I stood there, pinker than a piglet and linty all over. My hands hung down. Then the Great Truth came to me, more or less, and not a moment too soon. Out it spilled:
“For every human on earth, there is a mouse doing the same job, and doing it better.”
Her Majesty blinked. “Well, we suppose that’s close enough.”
Then she waited as I came to a true understanding of the Great Truth. At first I thought, oddly, of the Danish Prince Havarti.
Was that dawn beginning to break at the bedchamber windows?
&nb
sp; At last I knew, just like that. The chamber seemed to flood with light. “There is another Queen of England and Empress of India,” I said, putting two and two together. “And she is a…mouse? A…royal rodent?”
“Quite,” said Queen Victoria, “though it took you long enough.”
I grew dizzy. My saucer seemed to spin.
“We are Queen of Queens and Empress of Empresses,” said Her Majesty. “But whilst we see everything, we cannot see to everything. Only imagine how much this jubilee alone tires us. All these foreign royals like a plague of locusts, eating us out of palace and home. The Belgians alone! Not to speak of the Danes. And the Russians—all that barbaric splendor! And I have had nine children, all of them troubling and troublesome. And forty grandchildren. Not a vast number for mice, but an absolute multitude for humans.
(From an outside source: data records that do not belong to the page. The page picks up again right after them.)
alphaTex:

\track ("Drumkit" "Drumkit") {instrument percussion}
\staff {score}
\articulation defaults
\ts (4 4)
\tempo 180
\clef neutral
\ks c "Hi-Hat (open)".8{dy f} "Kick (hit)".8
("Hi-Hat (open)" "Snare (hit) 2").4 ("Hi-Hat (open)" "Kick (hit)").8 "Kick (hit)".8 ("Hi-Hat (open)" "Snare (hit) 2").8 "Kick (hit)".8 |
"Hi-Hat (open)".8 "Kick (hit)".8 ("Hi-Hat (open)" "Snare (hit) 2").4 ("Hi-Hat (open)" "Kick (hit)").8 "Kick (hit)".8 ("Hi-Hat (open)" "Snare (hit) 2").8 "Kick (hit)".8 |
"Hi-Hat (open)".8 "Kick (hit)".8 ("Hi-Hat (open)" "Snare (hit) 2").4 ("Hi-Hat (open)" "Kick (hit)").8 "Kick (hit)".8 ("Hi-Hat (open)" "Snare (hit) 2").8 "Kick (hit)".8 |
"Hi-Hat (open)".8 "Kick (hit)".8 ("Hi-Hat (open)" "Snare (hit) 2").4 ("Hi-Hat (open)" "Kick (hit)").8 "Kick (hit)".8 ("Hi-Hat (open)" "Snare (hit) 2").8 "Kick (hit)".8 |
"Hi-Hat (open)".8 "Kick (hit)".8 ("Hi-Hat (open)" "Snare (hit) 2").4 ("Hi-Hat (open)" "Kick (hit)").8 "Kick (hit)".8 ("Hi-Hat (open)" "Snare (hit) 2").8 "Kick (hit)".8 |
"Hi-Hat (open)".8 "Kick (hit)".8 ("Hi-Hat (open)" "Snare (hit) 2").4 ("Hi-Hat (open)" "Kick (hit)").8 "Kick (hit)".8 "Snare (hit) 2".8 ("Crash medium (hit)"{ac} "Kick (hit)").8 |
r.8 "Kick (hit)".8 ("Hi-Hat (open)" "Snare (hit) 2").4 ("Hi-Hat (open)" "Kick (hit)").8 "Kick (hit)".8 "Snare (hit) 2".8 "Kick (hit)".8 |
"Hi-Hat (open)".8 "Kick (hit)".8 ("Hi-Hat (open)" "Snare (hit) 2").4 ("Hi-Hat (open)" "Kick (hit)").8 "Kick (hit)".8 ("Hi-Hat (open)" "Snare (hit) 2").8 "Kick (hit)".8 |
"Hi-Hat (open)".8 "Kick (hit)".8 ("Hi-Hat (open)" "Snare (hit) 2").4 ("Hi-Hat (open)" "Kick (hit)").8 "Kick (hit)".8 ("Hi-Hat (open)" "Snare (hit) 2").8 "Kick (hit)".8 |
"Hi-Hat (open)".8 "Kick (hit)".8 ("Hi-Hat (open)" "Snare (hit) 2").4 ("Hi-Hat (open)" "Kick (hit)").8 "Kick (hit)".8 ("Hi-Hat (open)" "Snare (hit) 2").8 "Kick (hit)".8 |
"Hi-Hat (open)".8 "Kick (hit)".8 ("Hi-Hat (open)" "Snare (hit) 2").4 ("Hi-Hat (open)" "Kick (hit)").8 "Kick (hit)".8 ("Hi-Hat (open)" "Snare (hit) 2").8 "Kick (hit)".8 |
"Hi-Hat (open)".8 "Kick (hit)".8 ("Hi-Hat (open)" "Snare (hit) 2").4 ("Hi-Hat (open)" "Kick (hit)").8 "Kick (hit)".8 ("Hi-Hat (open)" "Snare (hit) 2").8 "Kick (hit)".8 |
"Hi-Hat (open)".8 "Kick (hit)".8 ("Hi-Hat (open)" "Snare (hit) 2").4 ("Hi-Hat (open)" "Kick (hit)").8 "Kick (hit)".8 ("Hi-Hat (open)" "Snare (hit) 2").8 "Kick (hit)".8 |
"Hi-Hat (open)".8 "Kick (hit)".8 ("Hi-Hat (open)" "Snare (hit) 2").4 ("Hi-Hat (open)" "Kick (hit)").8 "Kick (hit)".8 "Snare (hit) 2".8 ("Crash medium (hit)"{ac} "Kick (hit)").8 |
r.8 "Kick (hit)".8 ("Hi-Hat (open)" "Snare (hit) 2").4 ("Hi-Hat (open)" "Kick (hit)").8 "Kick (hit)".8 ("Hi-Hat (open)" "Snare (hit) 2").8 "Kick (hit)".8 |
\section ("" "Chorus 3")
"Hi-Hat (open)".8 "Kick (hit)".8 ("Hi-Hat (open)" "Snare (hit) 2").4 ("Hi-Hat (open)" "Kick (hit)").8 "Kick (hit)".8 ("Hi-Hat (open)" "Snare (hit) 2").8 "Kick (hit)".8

A veritable infestation of grandchildren.”
Forty did sound like quite an infestation of grandchildren, however many it was.
“And so you must apply to the Queen of the Mice, not us. Her court is the Great Truth and Central Secret of the British Empire. All very hush-hush because were it generally known, it would raise too many questions. Still, we wonder you did not put two and two together before, as two do.”
My head pounded painfully. Should we have been singing “God Save the Queens” all this time? And why am I the last to learn anything?
“But is the Queen of the Mice as old as…Your Majesty?”
“As old as we?” The Queen’s spectacles flashed fire. “How could she possibly be as old as we? She’s a mouse. You are all rather here-today-and-gone-tomorrow, aren’t you? That’s precisely why she must keep her eye on her subjects and not we.
“And since you are one of her subjects, here is a word of advice. Do not cross the Queen of the Mice. She lacks our sunny disposition.”
I swallowed hard, one last time. “But where shall I find Her…Mouse Majesty?”
“We, sadly, are at everybody’s beck and call. She is not. Her whereabouts is a part of her mystery. But you might begin one flight up.” Again Queen Victoria pointed to her ceiling. “And now you may withdraw. Indeed, you must.”